Ce dernier point est d’autant plus dommageable qu'il est nécessaire de switcher régulièrement entre les armes et le briquet, car dans Tormented Souls, rester dans le noir total tue. De légers soucis qui ne nuisent pas trop à l'expérience de jeu globale, notamment parce que Tormented Souls se place dans la lignée de jeux dont il utilise les poncifs à bon escient. 

 

photoAu menu : du old school

 

Rayon énigmes, oubliez le dernier village de loups-garous visités. On retrouve ici de vrais casse-têtes de survival horror, qui demandent bien souvent de collecter et de combiner des objets trouvés un peu partout dans le décor. La lecture est également primordiale pour comprendre comment résoudre certains mystères et très sincèrement, il apparait clair que rien ne vaut de bonnes vieilles énigmes à l’ancienne.

Pour le système de combat, rien à signaler, si ce n’est que Tormented Souls semble plus proche des mécaniques d’un Silent Hill que d’un Resident Evil, puisqu'il faudra autant tirer que se servir d’armes au corps-à-corps. Bien souvent, on met à terre l’ennemi (au design assez douteux et peu inspiré au passage) en lui tirant dans le buffet avec un pistolet à clou, pour le finir au pied-de-biche. Certes, c'est rigide, mais le résultat se marie bien avec le concept même du jeu. À voir néanmoins ce que ça donnera dans la durée, car les quelques séquences d’action n’ont pas brillé par leur précision.

 

photoVery Alone in the Dark

 

Alone in a silent residence

Impossible de ne pas s'attarder sur les inspirations. Tormented Souls adopte un système de caméras fixes comme Resident Evil, avec néanmoins une mise en scène plus dynamique, qui suit le personnage avec des travelings, comme dans un Silent Hill ou certains Resident Evil à partir de Code Veronica. On évolue alors entre ces deux concepts pour un résultat plus que satisfaisant, les développeurs ayant su jouer avec les angles de caméra pour réussir à parfois nous surprendre.
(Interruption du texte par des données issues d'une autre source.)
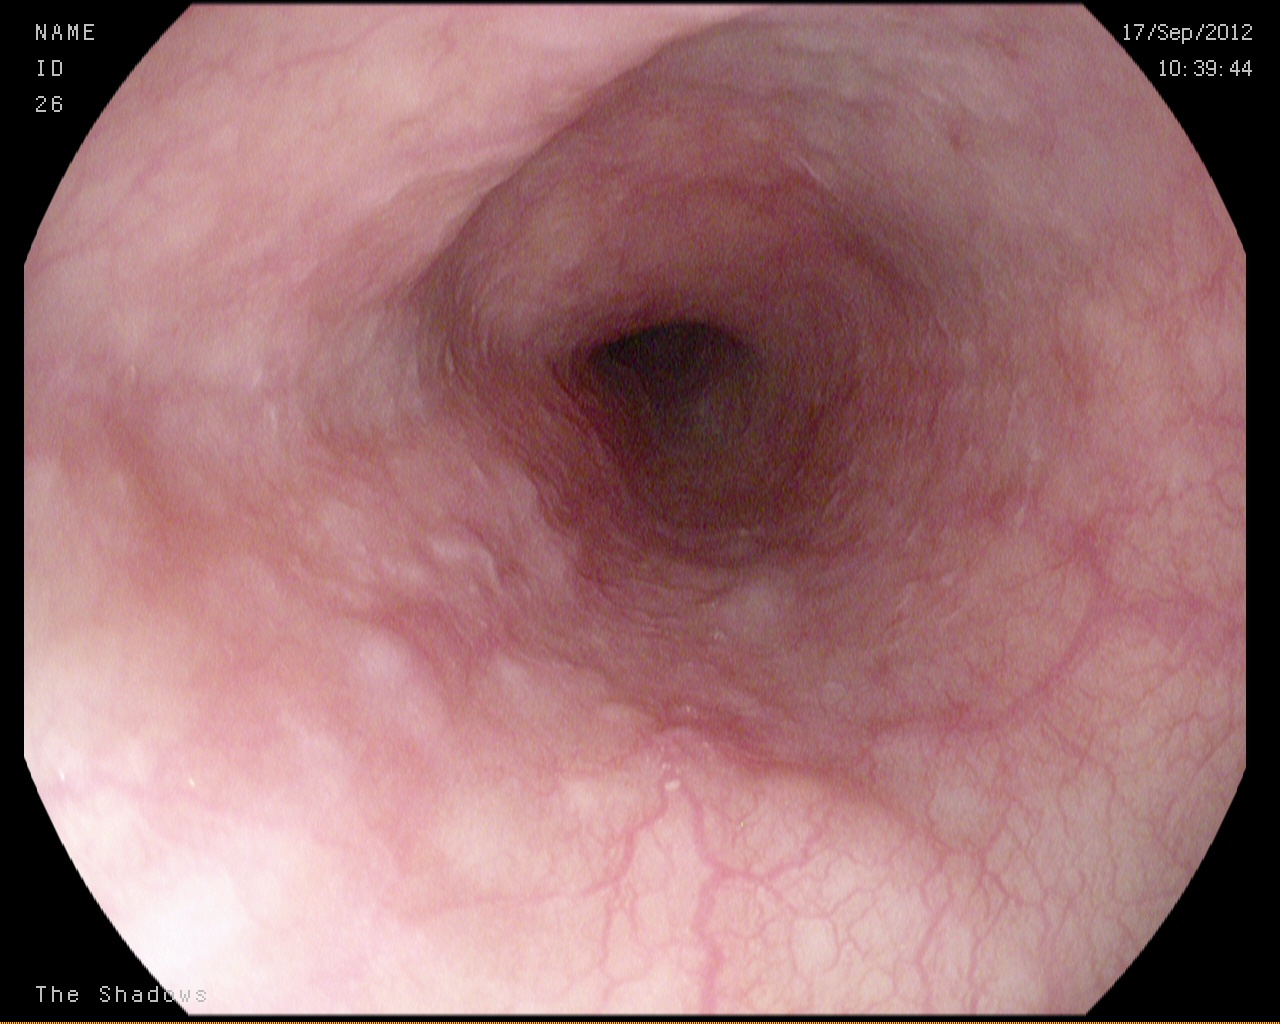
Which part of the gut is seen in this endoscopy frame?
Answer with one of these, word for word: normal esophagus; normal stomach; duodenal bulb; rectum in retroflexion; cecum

normal esophagus
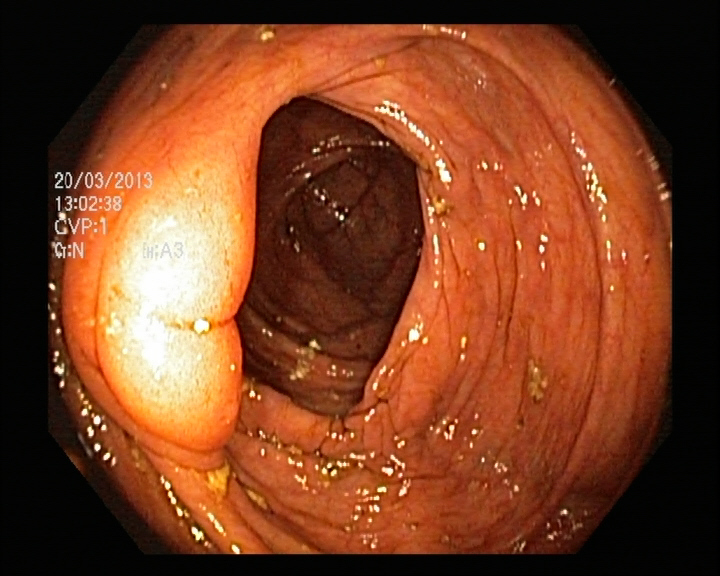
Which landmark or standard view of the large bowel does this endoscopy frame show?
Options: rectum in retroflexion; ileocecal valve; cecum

ileocecal valve

Sans surprise, le jeu est un hommage au genre. À tel point qu'il propose même un univers alternatif cauchemardesque à la manière de Silent Hill, atteignable en passant au travers de miroir - comme The Evil Within oui. Et si la démo n'offre qu’une très (trop) brève occasion de le découvrir, on a pu voir que des énigmes à résoudre demanderont des interactions dans l’un et l’autre des mondes, voilà qui promet. 

 

photoAmbiance bougies et murs qui suintent

 

Les décors eux-mêmes sont habités par la révérence à l’âge d’or du survival horror, avec une 2D précalculée du plus bel effet. D’autres détails, comme l’inventaire, le principe de la gestion des ressources, ou même les salles de sauvegardes, sont de la partie. Les développeurs semblent savoir où ils vont et comment, et le plus beau, c’est que ça tient la route. On n'a jamais l'impression de jouer à une mauvaise copie d'un jeu culte, mais bien à une nouvelle aventure du nom de Tormented Souls.

 

photoUn coup de magnéto et ça repart

 

ATTENTE CONFIRMÉE

Bel hommage aux mastodontes d’antan, Tormented Souls n’en garde pas moins sa propre identité, qui devra être confirmée sur la durée après cette démo. Il y a encore des doutes sur le scénario et la technique, avec pas mal de points bancals - notamment les modèles de personnages vieillots qui, par exemple, ne prennent même pas la peine d’ouvrir la bouche quand ils parlent.

Mais pour les fans de survival horror, le titre de Dual Effect Games s’annonce comme une véritable petite pâtisserie de grand-mère, qui pourrait se révéler plus savoureuse que nos gâteaux industriels d’aujourd’hui. Affaire à suivre donc.

Tormented Souls sortira courant 2021 sur PlayStation 5, Xbox Series, Nintendo Switch et Windows.